Functional Annotation of transcripts¶

In this tutorial, we’ll use some sample data from green ash to demonstrate functional annotation of transcript sequences. Green ash is from a relatively under-sampled lineage of plants, the order Lamiales. We have an assembled transcriptome, but no information on the function of these transcripts.

Amazon log in

Launch an EC2 instance and log in (Ubuntu 14.04, c3.4xlarge). Note the availability zone.
Click “Snapshots” item in the menu. Click on dropdown that says “Owned by me” and select “Public Snapshots”. In the search box, enter snap-153de366, and search. A snapshot with the name “KBS NGS 2015 functional Annotation” should appear. Select it.
Once you have the correct snapshot selected, choose “Create Volume” from the dropdown Actions menu. Select the same availability zone and create the volume.
Click on the “volumes” link in the menu. Your volume should be available. If you have more than one, click on each and look for the one that has the correct snapshot.
Under actions, click “Attach Volume”. Select the running instance. Click Attach.

Now log in as usual. We need to mount the volume:

sudo bash
mkdir /mnt/ebs
mount /dev/xvdf /mnt/ebs
cd /mnt/ebs/

Next, we’ll need to install a bunch of software. Some of these tools can be installed using apt-get. Note that apt-get does not necessarily always install the most up-to-date versions of this software! You should always double check versions when you do this.

#Housekeeping stuff for a new instance
sudo bash
apt-get update
apt-get -y install screen git curl gcc make g++ python-dev unzip default-jre pkg-config libncurses5-dev r-base-core r-cran-gplots python-matplotlib sysstat python ncbi-blast+ sqlite
apt-get hmmer

I have preloaded a set of 1000 green ash transcripts to annotate. They are located at

/mnt/ebs/green_ash_transcripts.fasta

I have also preloaded software and data in

/mnt/ebs/functional_annotation

Lets make a directory to hold all of our analysis.

cd /mnt/ebs
mkdir green_ash
cd green_ash
mv ../green_ash_transcripts.fasta .

First, lets find open reading frames (orfs). we will do this with transdecoder.
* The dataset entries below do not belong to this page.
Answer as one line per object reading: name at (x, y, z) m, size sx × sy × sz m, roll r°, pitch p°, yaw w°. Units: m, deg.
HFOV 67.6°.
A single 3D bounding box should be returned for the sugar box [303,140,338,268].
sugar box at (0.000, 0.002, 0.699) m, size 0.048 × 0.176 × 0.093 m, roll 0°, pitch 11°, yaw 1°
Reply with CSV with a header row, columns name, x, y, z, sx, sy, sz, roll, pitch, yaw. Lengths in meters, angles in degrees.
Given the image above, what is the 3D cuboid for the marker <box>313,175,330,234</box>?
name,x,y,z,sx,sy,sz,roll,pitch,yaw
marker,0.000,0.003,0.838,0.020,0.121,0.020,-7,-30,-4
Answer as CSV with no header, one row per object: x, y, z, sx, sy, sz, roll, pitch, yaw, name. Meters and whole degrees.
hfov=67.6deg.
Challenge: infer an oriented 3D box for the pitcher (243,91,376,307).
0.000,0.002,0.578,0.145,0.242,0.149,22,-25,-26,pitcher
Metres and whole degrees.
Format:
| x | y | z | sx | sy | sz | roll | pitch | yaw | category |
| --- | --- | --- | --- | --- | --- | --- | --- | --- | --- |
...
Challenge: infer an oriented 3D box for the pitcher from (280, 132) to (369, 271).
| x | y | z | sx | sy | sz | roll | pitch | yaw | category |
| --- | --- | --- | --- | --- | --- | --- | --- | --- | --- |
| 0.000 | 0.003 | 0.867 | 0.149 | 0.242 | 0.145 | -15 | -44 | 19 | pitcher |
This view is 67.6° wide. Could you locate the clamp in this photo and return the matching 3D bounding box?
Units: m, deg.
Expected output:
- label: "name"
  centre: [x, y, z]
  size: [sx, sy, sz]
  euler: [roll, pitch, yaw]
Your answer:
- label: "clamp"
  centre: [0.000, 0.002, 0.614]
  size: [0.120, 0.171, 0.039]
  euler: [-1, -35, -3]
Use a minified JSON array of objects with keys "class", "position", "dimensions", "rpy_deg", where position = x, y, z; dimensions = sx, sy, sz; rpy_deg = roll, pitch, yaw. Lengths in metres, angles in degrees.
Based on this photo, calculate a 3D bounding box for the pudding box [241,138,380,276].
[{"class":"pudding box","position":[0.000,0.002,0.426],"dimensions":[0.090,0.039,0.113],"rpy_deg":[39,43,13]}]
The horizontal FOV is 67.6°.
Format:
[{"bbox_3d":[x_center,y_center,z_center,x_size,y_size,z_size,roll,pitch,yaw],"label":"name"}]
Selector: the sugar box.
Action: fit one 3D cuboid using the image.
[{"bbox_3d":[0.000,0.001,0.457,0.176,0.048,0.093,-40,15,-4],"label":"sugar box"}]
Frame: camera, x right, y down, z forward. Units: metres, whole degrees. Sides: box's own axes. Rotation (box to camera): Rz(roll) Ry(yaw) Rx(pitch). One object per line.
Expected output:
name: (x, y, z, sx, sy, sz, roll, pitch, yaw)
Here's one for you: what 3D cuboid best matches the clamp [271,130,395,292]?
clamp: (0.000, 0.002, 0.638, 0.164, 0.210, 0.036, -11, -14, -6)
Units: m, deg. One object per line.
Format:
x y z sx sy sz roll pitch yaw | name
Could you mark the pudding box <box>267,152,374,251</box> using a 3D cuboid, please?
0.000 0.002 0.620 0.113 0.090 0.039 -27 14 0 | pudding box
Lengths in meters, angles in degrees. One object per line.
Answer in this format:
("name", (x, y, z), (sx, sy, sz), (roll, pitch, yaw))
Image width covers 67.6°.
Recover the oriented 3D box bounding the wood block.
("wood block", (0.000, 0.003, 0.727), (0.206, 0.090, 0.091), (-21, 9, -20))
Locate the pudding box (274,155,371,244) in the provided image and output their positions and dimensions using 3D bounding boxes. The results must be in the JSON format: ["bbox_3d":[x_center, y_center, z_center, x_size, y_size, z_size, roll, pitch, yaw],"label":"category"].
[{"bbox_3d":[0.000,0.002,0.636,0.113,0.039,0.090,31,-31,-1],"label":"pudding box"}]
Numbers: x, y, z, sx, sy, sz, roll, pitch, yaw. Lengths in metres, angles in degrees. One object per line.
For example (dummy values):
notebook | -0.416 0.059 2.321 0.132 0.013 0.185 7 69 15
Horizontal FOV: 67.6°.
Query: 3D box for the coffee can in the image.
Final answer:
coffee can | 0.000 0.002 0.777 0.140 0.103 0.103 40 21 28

TransDecoder identifies likely coding sequences based on the following criteria:

a minimum length open reading frame (ORF) is found in a transcript sequence
a log-likelihood score similar to what is computed by the GeneID software is > 0.
the above coding score is greatest when the ORF is scored in the 1st reading frame as compared to scores in the other 5 reading frames.
if a candidate ORF is found fully encapsulated by the coordinates of another candidate ORF, the longer one is reported. However, a single transcript can report multiple ORFs (allowing for operons, chimeras, etc).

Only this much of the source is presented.